Usage: set-header key value

Queues up the given HTTP response header to be sent via respond, overwriting any prior value. It technically accepts any value type, but your mileage may vary with non-strings/numbers. Returns this object. Minor achtung: because HTTP headers are case-insensitive, but this native code is not, this implementation lower-cases all headers so that clients do not have to be 100% careful to use consistent casing.

set-expires

Usage: set-expiresdunixEpochTime

Sets an "Expires" HTTP header to the specified UNIX timestamp. A negative value sets it for some arbitrarily long time in the future. Each call to this function overwrites any previous call's header value. Returns this object.

urldecode

Usage: urldecode string

Returns the URL-decoded copy of the given string. Note that the API decodes incoming request data automatically, so this is not normally needed. Intended for decoding individual elements at a time, not a whole query string.

urlencode

Usage: urlencode string

Returns the URL-encoded form of the given string. Use this for escaping, e.g. values for use in hyperlinks.

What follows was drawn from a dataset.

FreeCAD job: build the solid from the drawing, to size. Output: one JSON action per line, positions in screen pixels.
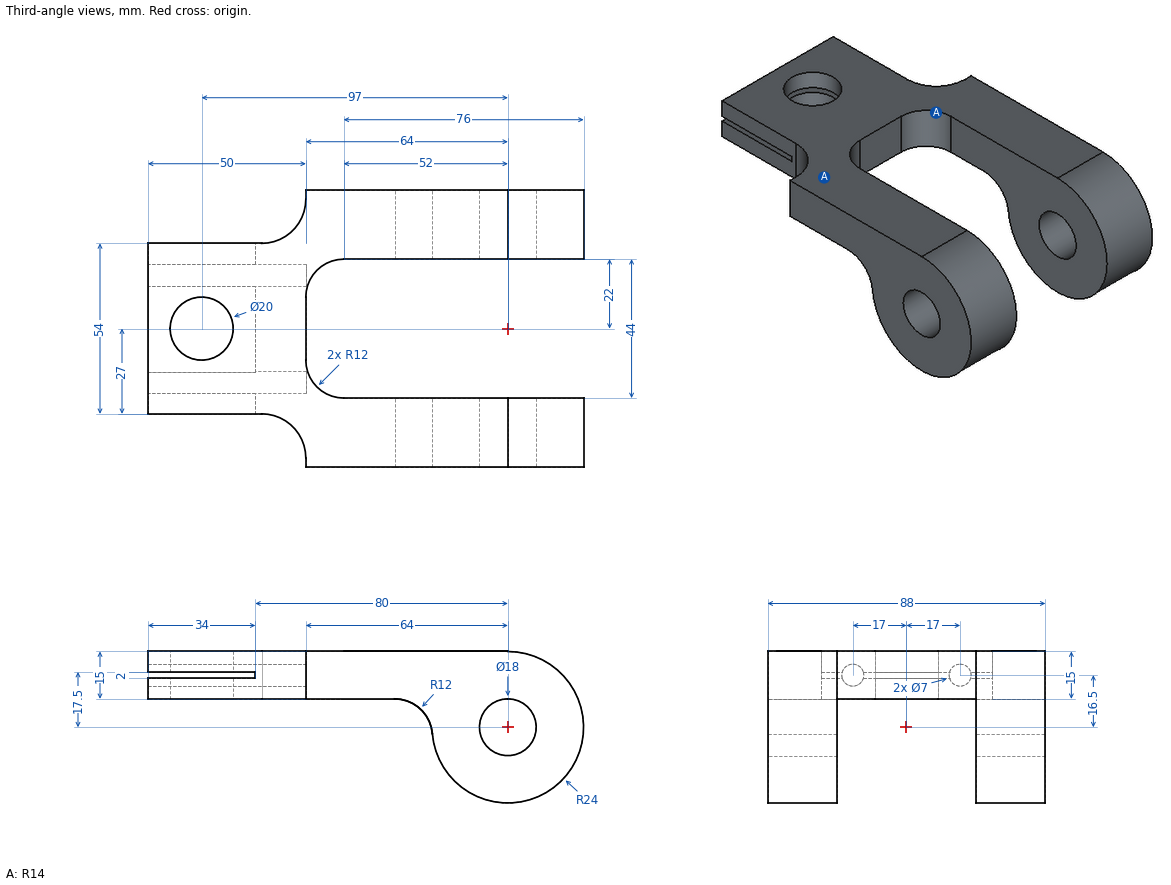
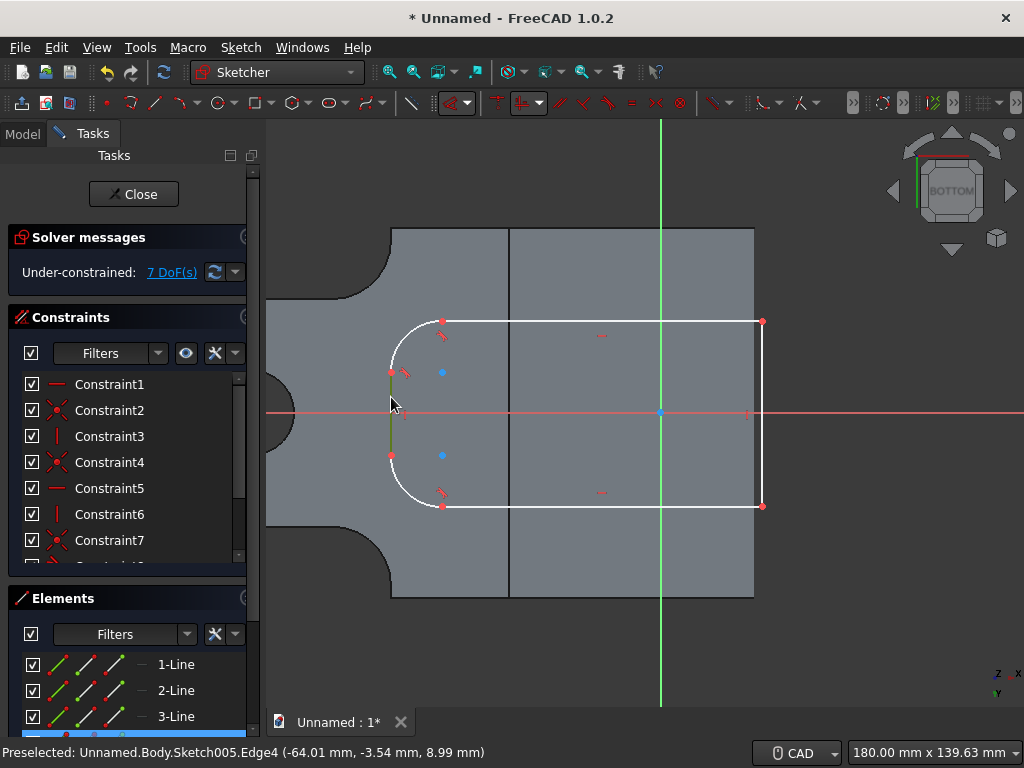
{"action": "left_click", "coordinate": [397, 479]}

It is intended to be passed individual values, not a whole query string (it will URL-escape the query string's special characters!).

Non-function Members

Request Data (cgi.request)

Data can arrive to the CGI script via several paths, and those data are encapsulated in the cgi.request Object.

Sidebar: Why uppercase names? It's inherited from PHP, which uses similarly-named globals for this same purpose. It also incidentally avoids any confusion with the built-in Object.get method. It's worth noting that the CGI object removes the prototypes from the GET, POST, etc. objects, to ensure that clients don't inadvertently get (as it were) any inherited properties when checking for request data.

Example Usage

Here is an example, using the interactive shell, which demonstrates the general workflow for a CGI app:

[stephan@host:~/...]$ QUERY_STRING='a[]=1%202&a[]=2' whclsh
...
whclsh> decl -const c [whcl load-api cgi]
whclsh> c init; # Required before use. init pushes an output buffer
                # onto the stack by default!
whclsh> c set-cookie one 1; # headers get buffered separately
whclsh> c set-content-type 'application/json'
whclsh> echo [c.request.to-json 2]; # goes to the output buffer
whclsh> c respond
        # ^^^^ sends headers first, then flushes pending buffered content
Status: 200 OK
Content-type: application/json
Set-Cookie: one=1

{"GET": {"a": [
      "1 2",
      "2"]
    }}

The use of the output buffering API is important so that the content type, cookies, and other headers may be changed throughout the life of the app. Once any output is sent, headers may no longer be set/changed. The respond call will output any headers first and flush any pending buffered output (any number of buffering levels). respond must only be called a single time, and calling it actually shuts down/cleans up the CGI module. Calling any of its methods after respond will cause an exception because they will no longer be able to find their (already destroyed) C-side data.